Subject: RE: Daumier-Smith and Empathy
From: horanp (horanp@kenyon.edu)
Date: Fri Jul 27 2001 - 13:24:11 GMT


>Is art really art when nobody says it's art?
>Suppose you have this writer/sculptor/photographer who does creative
work, but nobody likes
>it. But he writes, paints etc like crazy and besides his girlfriend/wife
nobody ever says anything positive
>about it...

There are a couple things, and I hope that they'll get through in the wake
of how many people will most likely respond to this. First of all, you're
assuming that calling it "art" is somehow positive. Just because
nobody likes it, doesn't mean it's art. Saying that something is "art" is
not complimentary. "Art" is a noun, not an adjective. "Good" and "bad"
art (or whatever euphemism you prefer like "moving," "inspiring,"
"focused" etc. etc.), I believe, depends on what you, as the viewer,
particularly prefers. It depends on what you view as a significant and
substantial expression of creativity, emotion, or character. A Baroque
artists would probably curse at the idea that a pile of Sweet n' Lows in
the Chicago Museum of Modern Art would ever be considered as such,
but modernists or post-modernists would disagree. Both aren't really
much help, because they both would think that dubbing it "art" raises up
the pile of crap (or the deliberate application of paint on canvas) to some
sort of higher ground. "Art" merely classifies it into a school subject.
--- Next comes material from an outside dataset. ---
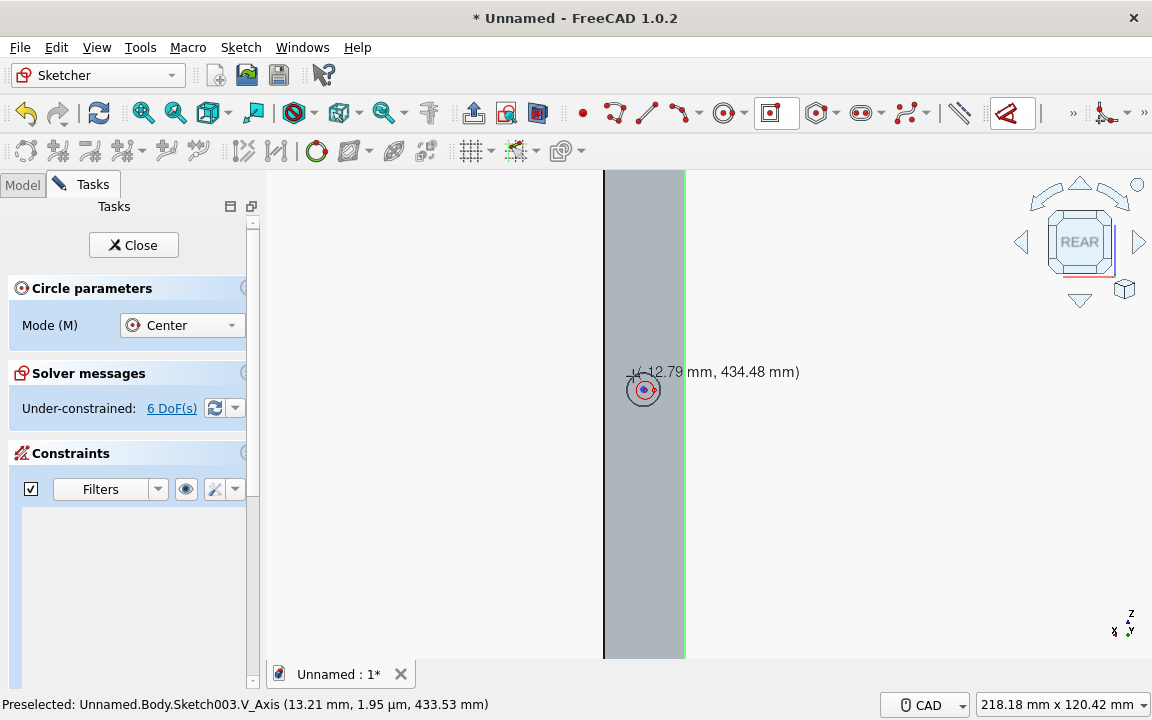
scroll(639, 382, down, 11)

This brings me to another, more open-ended topic. By even discussing
this, it's also making art totally dependent on the viewer, begging the
question, "If a Picasso piece is placed in the middle of the forest, would
it still (or ever) be art?" In this discussion, the answer would be no.
We're saying it cannot exist as art until it is viewed. It's also not as if
we
can from an answer to that question either, because one cannot say
"Alright, go into the forest and look at it and tell me if it's art." That
scenario would obviously be contradictory. The question would have to
be "can art be art (indeed, can art exist) without the viewer. We've
already sort of established the creator as someone who cannot judge
objectively about his or her own art, so what's the solution?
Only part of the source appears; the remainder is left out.